My guess is that
1600x1200 Normal
will be better than
1280x960 with Fine.
Actually, there is a guideline of about 200 pixels per inch to roughly match commercial photo printing quality, so for 10x8 prints you might want to go for the 4500's full pixel count of 2,272 x 1,704.
For a few bucks, you could compare test prints of three options that should give about the same file size:
2,272 x 1,704 Basic
1600x1200 Normal
1280x960 with Fine
and then go up the quality scale to
2,272 x 1,704 Normal
2,272 x 1,704 Fine
to see what satisfies your standards for a 10x8 print.
This is partly based on my limited experience which suggests that when choosing between two options giving about the same file size, the option with more pixels and lower quality JPEG compression factor looks much better than an alternative with less pixels and "higher quality" compression.
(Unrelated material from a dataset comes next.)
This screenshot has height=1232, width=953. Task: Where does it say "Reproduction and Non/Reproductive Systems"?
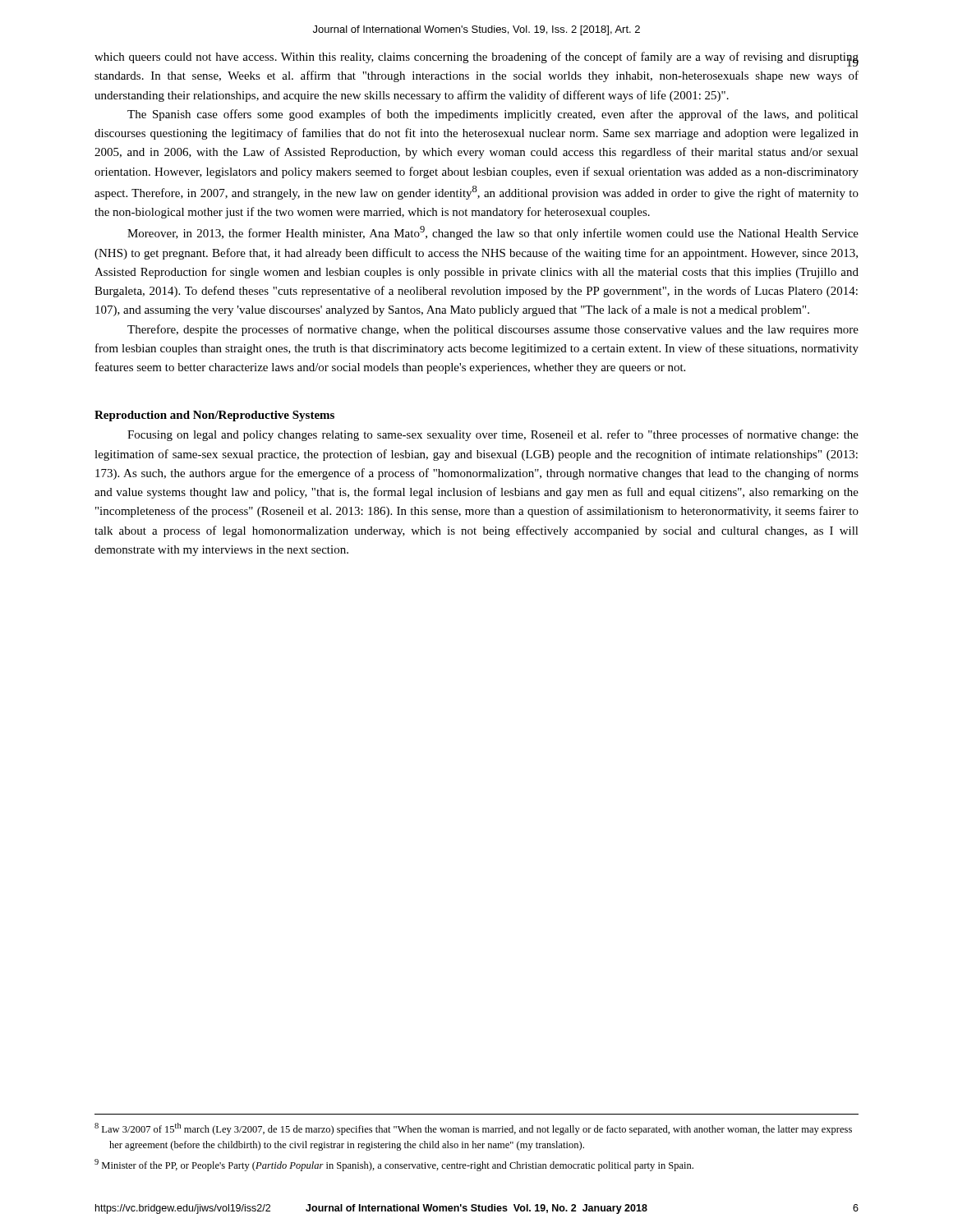tap(215, 415)

Also, a lot of people say that JPEG compression to about 1/10 of original file size or bigger looks completely fine until you start further degrading the image with significant editing, so the 4500's Normal compression mode (1/8 compression) is probably as good as needed if you are going to do mostly straight prints.
Preferring more compression over downsampling (reducing pixel count) also seems intuitively right: both discard some information to reduce the file size, but the JPEG algorithms take account of knowledge about human visual perception so as to selectively discard less important information, whereas downsampling is a far cruder approach. For example, with images that are more difficult to compress due to lots of fine detail, the same JPEG setting will produce bigger files: it is smart enough to retain more information in with images that need more.